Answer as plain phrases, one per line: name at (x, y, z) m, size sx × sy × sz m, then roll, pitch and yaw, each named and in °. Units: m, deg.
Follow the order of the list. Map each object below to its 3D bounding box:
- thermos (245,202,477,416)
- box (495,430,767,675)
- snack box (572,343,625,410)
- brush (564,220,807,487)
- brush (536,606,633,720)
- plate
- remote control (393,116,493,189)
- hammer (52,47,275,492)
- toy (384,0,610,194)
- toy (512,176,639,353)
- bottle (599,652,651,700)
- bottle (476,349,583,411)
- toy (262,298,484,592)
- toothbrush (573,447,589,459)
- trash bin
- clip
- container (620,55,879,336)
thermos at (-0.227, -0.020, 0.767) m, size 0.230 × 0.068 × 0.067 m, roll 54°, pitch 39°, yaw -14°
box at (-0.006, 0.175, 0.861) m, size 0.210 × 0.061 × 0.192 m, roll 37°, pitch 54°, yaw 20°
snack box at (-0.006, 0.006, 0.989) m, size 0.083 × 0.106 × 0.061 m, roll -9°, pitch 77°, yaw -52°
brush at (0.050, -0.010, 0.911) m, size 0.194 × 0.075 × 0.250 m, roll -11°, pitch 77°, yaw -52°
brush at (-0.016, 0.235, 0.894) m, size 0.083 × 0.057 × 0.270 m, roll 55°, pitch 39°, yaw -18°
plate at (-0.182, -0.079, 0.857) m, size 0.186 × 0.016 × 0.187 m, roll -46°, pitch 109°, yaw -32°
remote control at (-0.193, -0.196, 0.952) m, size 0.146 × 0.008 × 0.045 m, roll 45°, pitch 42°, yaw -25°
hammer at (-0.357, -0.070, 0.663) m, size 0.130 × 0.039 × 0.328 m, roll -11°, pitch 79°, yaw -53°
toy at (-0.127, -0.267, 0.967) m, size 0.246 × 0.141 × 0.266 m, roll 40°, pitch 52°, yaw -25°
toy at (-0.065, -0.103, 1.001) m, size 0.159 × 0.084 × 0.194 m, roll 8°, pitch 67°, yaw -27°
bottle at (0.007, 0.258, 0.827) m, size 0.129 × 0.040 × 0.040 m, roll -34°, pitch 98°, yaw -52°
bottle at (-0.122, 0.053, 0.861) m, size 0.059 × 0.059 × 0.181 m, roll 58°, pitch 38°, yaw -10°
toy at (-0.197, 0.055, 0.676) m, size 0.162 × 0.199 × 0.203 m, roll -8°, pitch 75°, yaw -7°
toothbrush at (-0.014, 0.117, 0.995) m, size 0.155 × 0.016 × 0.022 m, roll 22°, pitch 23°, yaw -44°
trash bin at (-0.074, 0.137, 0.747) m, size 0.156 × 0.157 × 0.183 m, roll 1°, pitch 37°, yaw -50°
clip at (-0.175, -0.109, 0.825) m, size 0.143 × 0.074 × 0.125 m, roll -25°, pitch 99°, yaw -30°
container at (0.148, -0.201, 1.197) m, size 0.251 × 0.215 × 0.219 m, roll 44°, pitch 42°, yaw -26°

....

● **What is required**
Return only the lines between the one holding "- brush (536,606,633,720)" and the one holding "- toothbrush (573,447,589,459)", inclusive, exactly as they appear above.

● **Answer**
- brush (536,606,633,720)
- plate
- remote control (393,116,493,189)
- hammer (52,47,275,492)
- toy (384,0,610,194)
- toy (512,176,639,353)
- bottle (599,652,651,700)
- bottle (476,349,583,411)
- toy (262,298,484,592)
- toothbrush (573,447,589,459)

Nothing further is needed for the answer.